As a privately held stock corporation, Red Clay Renovations is exempt from many provisions of the Sarbanes-Oxley Act of 2002. But, in certain circumstances, i.e. a government investigation or bankruptcy filing, there are substantial criminal penalties for failure to protect business records from destruction or spoliation
Policy System:
The company’s Chief of Staff is responsible for the overall organization and management of the company’s collection of formal policies and procedures (“policy system”). The company’s policies provide guidance to employees and officers of the company (CEO, CFO, and the members of the Board of Directors)with respect to their responsibilities to the company. Policies may be both prescriptive (what “must” be done) and proscriptive (what “must not” be done).Responsibility for writing and maintaining individual policies is assigned to a designated manager or executive within the company.

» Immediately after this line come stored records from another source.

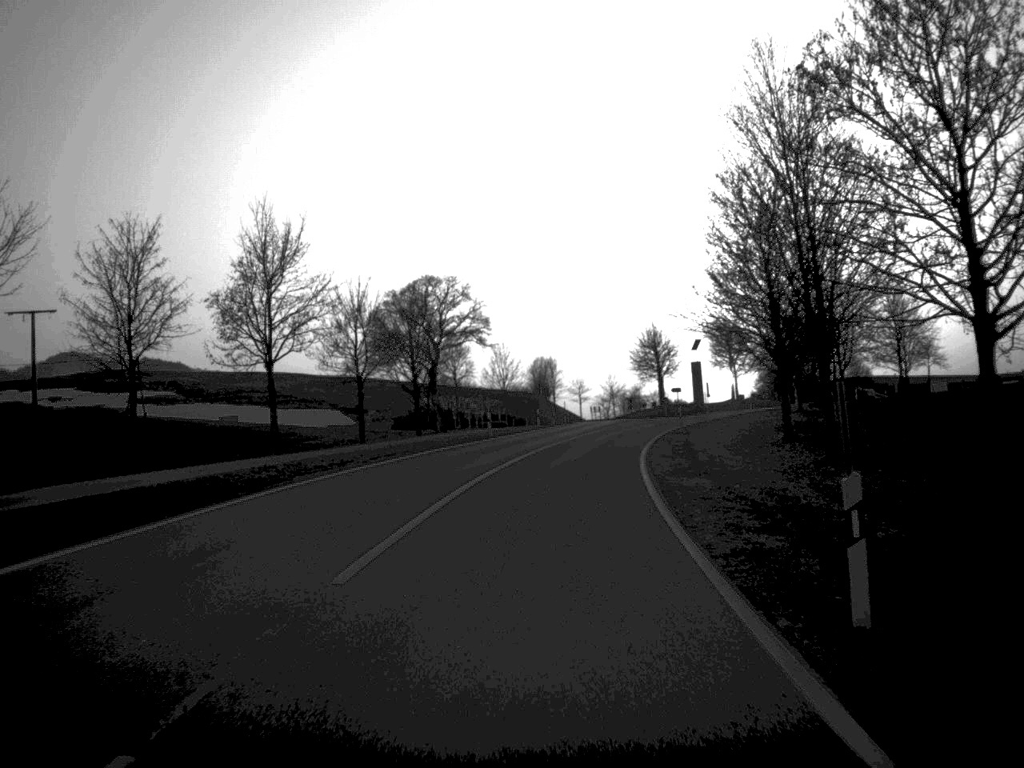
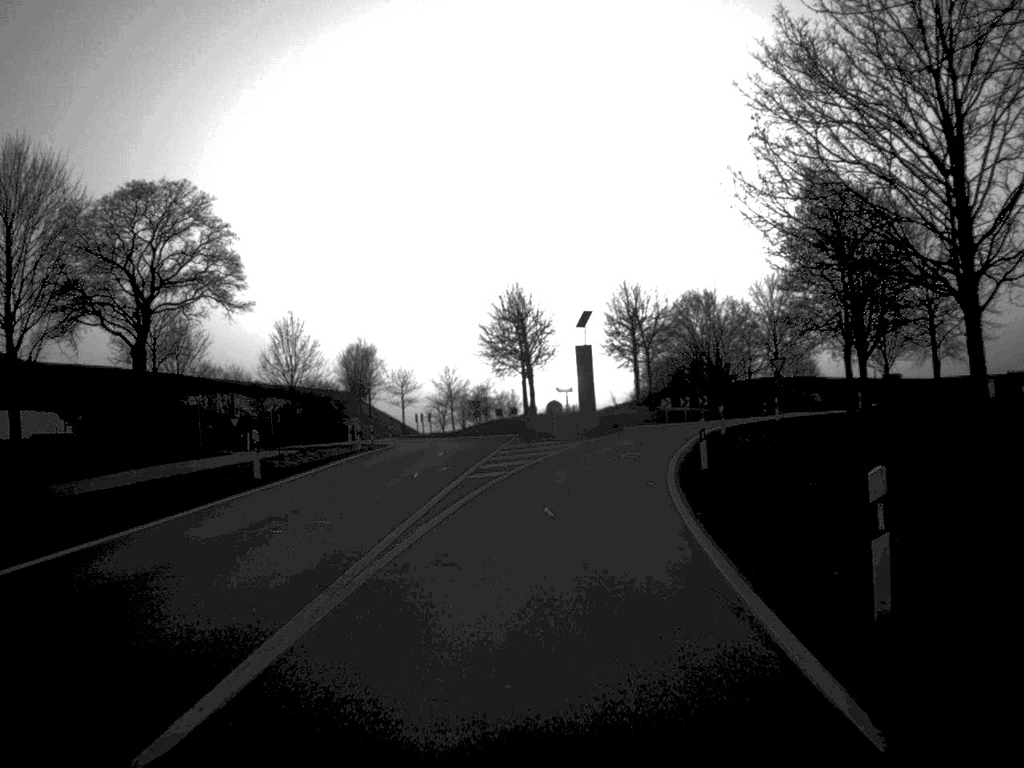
(+2.8, +44.6) m; +7°
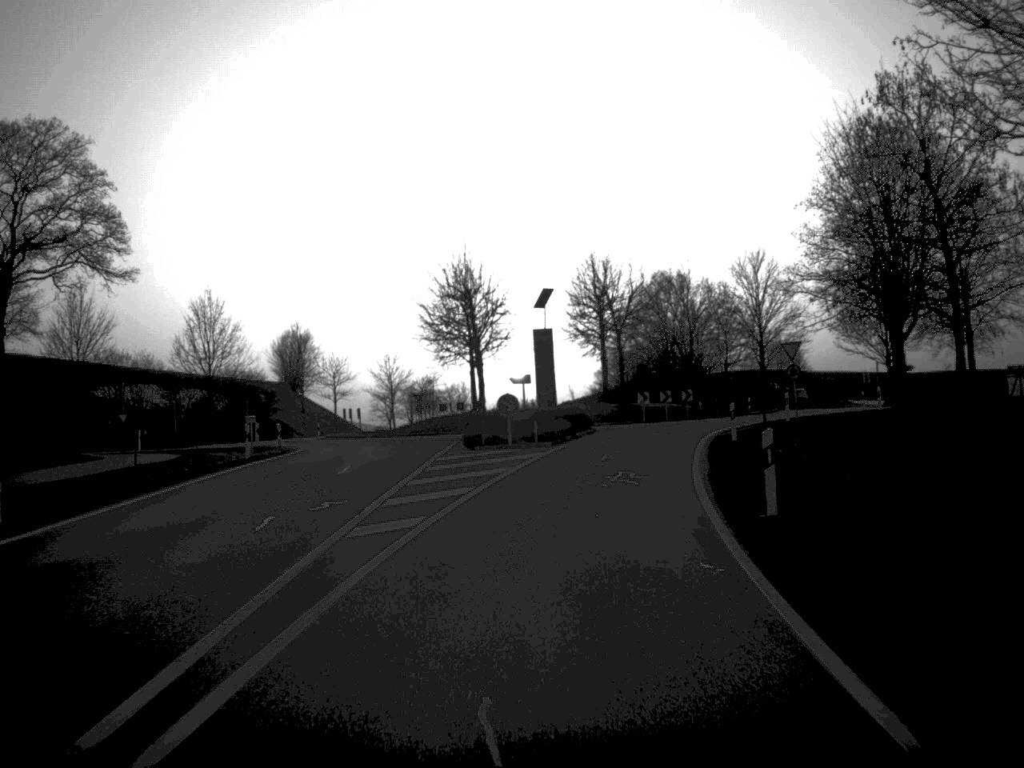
(+0.2, +11.8) m; +2°
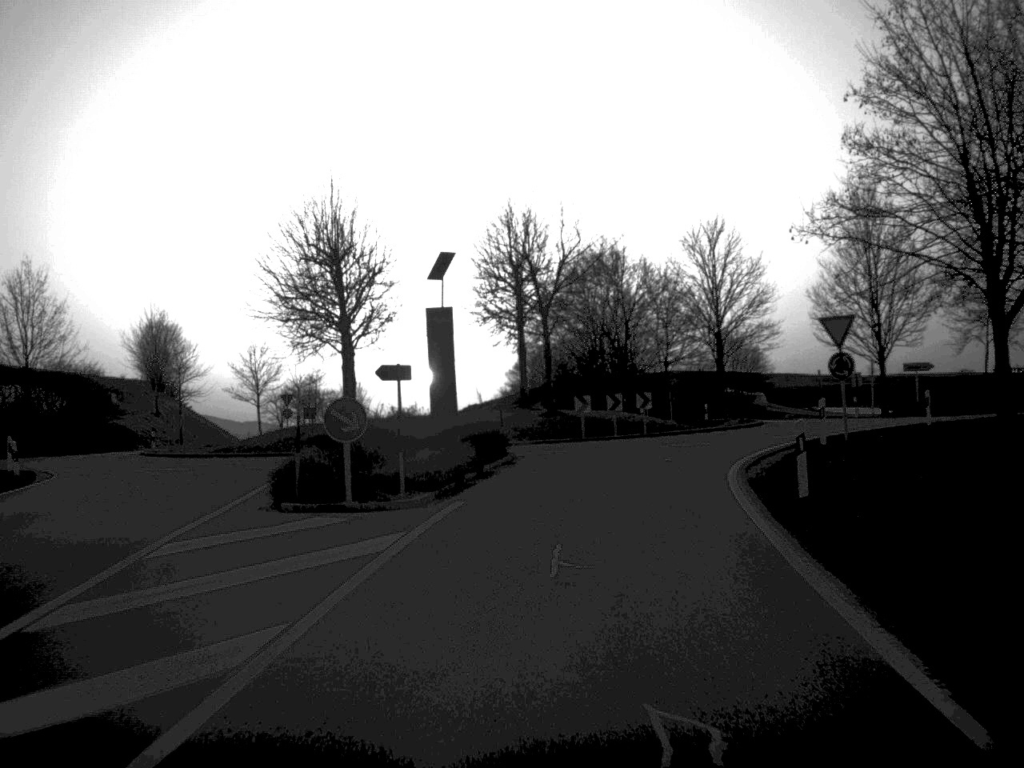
(+0.6, +17.5) m; +4°
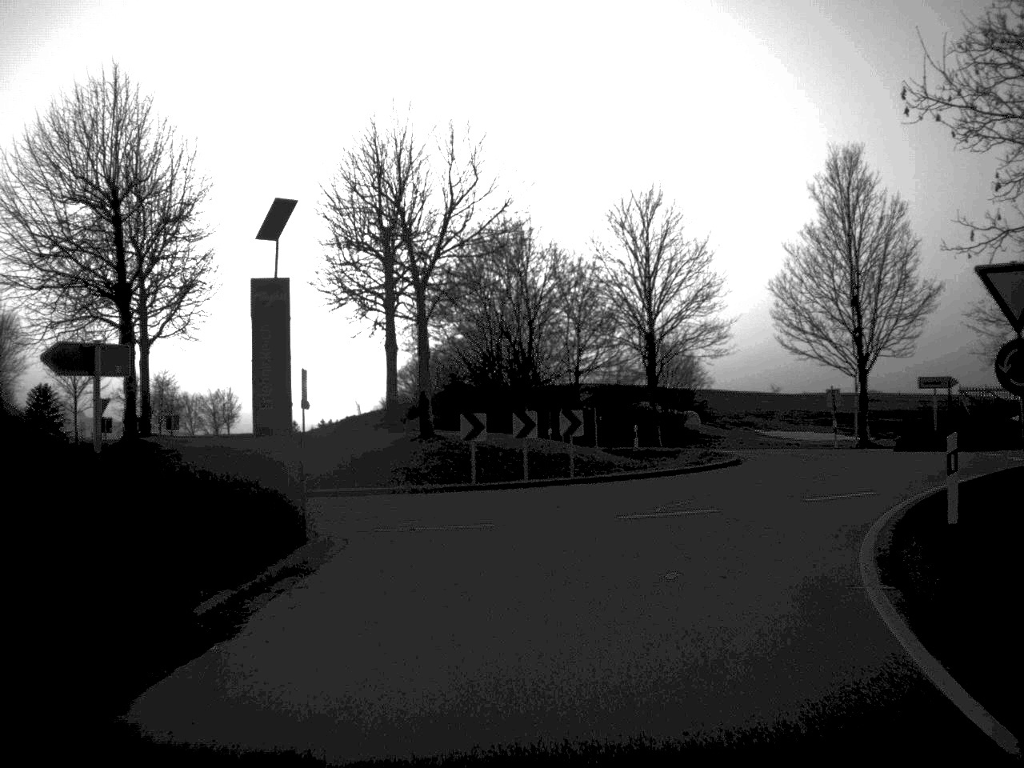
(+0.6, +14.7) m; +5°
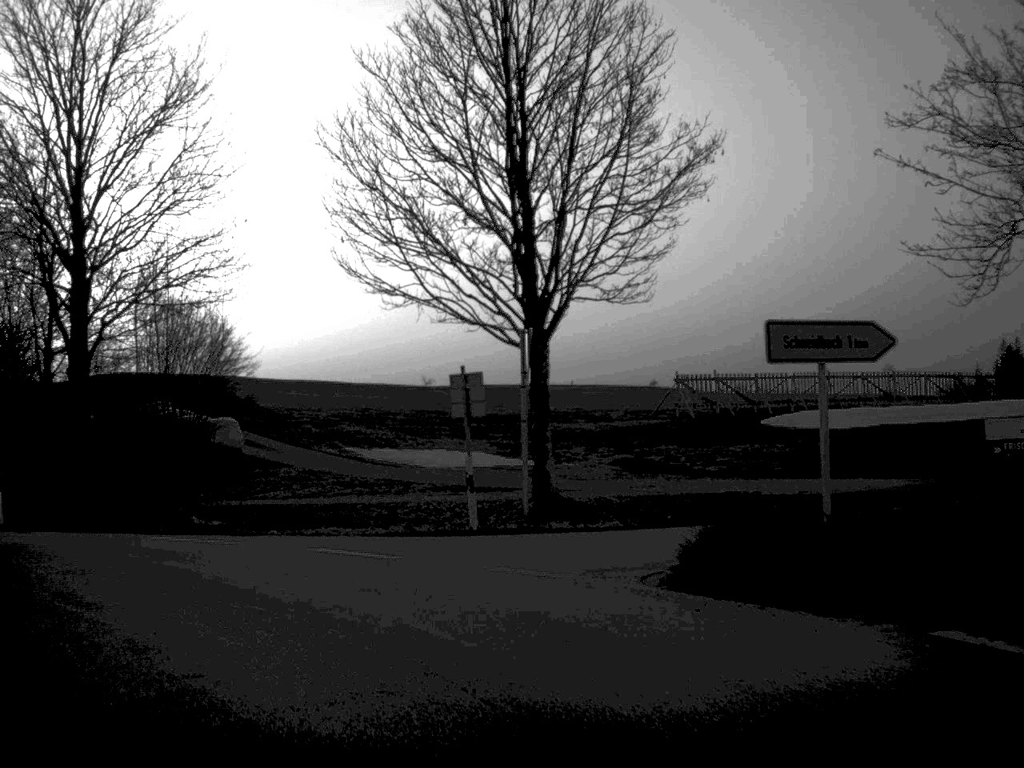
(+6.7, +27.4) m; +14°
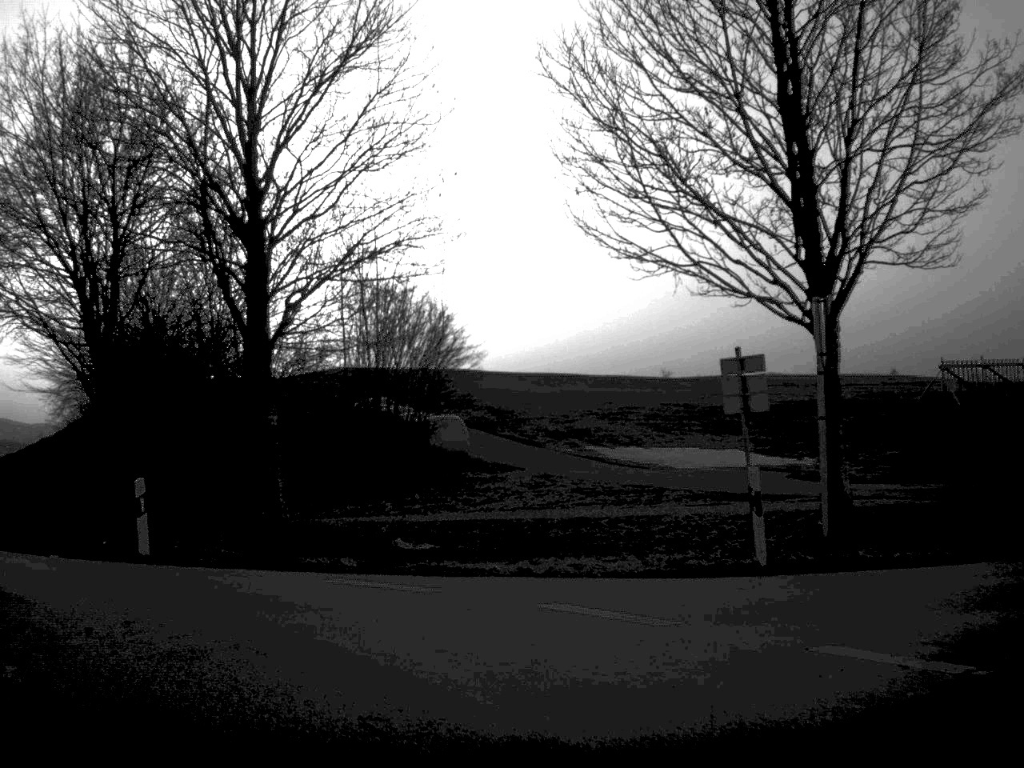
(-0.4, +4.3) m; -11°

Each policy identifies the responsible individual by title, e.g. Director of Human Resource.
The major policy groupings are:•Human Resources •Financial Management •Information Technology •Employee Handbook •Manager Desk book Selected policies are published as an Employee Handbook and a Manager’s Desk book to communicate them to individual employees and managers and to ensure that these individuals are aware of the content of key policies which affect how they perform their duties.